### Your assignment:
Write out the data below exactly, beginning with the first line and ending once the line that has "x;y;z;sx;sy;sz;roll;pitch;yaw;name" is written.

### Record extracts:
□ □ □ □
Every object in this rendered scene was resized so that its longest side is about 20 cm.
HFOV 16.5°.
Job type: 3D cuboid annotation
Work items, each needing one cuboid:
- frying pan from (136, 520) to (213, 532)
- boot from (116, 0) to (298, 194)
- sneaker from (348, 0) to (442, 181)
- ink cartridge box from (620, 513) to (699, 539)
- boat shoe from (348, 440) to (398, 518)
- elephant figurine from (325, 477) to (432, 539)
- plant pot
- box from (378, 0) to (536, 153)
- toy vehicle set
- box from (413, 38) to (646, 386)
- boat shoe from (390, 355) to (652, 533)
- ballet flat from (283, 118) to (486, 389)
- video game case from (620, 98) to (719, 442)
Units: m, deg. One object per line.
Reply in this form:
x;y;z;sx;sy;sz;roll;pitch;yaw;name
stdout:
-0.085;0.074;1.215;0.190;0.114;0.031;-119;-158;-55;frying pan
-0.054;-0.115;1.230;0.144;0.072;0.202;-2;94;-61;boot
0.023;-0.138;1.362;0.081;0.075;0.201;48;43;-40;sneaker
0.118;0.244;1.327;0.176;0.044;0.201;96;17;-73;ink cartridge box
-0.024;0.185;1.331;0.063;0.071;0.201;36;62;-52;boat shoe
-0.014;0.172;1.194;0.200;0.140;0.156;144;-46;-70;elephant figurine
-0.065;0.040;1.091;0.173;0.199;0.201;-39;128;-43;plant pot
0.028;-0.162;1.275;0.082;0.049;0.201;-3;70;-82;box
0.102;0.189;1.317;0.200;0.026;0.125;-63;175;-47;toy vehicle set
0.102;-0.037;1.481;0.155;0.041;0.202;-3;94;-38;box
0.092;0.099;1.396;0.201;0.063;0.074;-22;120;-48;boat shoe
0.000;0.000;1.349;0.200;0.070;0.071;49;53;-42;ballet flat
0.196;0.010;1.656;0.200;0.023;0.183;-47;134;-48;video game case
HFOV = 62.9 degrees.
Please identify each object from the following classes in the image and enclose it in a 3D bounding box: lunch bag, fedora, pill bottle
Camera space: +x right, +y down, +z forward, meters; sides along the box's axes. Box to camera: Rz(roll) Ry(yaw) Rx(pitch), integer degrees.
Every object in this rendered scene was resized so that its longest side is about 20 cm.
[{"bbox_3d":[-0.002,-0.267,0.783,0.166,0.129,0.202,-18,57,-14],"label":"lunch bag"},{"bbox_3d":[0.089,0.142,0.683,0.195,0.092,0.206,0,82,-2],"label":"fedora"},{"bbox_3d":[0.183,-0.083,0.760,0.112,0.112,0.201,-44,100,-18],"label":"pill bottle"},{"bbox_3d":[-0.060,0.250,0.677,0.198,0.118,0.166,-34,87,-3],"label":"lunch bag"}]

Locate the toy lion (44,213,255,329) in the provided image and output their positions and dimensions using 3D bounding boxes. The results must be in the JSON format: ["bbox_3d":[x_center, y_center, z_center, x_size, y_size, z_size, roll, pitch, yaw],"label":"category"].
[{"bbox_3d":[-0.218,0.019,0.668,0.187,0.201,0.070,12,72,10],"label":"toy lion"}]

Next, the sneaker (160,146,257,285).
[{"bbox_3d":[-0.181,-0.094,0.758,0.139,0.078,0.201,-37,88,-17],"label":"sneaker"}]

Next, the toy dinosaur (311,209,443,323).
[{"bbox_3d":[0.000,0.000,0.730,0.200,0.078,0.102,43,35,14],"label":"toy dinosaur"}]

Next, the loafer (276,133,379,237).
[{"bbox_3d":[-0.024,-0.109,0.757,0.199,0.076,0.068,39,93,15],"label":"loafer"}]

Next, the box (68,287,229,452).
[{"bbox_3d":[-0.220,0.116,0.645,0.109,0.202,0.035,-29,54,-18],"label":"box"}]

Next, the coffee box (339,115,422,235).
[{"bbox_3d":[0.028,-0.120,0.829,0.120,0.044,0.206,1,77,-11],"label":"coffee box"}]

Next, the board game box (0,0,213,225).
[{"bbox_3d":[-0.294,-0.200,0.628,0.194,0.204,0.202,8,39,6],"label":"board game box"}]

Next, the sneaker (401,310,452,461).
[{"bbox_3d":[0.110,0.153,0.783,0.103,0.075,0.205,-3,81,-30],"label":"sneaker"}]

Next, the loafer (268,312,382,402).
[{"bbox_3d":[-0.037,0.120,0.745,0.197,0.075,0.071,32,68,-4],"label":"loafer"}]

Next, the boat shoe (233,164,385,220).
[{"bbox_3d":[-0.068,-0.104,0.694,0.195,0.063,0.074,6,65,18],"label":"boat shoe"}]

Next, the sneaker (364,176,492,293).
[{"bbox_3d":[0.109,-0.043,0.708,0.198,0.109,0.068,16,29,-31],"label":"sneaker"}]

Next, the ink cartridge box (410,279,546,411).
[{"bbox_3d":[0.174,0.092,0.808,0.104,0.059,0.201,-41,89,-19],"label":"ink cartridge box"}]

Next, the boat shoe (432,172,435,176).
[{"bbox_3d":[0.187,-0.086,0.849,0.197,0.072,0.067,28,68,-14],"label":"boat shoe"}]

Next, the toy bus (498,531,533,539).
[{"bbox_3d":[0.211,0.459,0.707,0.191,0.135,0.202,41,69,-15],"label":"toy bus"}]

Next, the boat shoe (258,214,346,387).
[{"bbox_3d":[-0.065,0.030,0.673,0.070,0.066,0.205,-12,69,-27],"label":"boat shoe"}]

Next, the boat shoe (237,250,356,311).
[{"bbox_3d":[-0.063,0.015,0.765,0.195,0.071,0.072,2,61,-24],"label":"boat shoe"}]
□ □ □ □
### Result of the task:
Every object in this rendered scene was resized so that its longest side is about 20 cm.
HFOV 16.5°.
Job type: 3D cuboid annotation
Work items, each needing one cuboid:
- frying pan from (136, 520) to (213, 532)
- boot from (116, 0) to (298, 194)
- sneaker from (348, 0) to (442, 181)
- ink cartridge box from (620, 513) to (699, 539)
- boat shoe from (348, 440) to (398, 518)
- elephant figurine from (325, 477) to (432, 539)
- plant pot
- box from (378, 0) to (536, 153)
- toy vehicle set
- box from (413, 38) to (646, 386)
- boat shoe from (390, 355) to (652, 533)
- ballet flat from (283, 118) to (486, 389)
- video game case from (620, 98) to (719, 442)
Units: m, deg. One object per line.
Reply in this form:
x;y;z;sx;sy;sz;roll;pitch;yaw;name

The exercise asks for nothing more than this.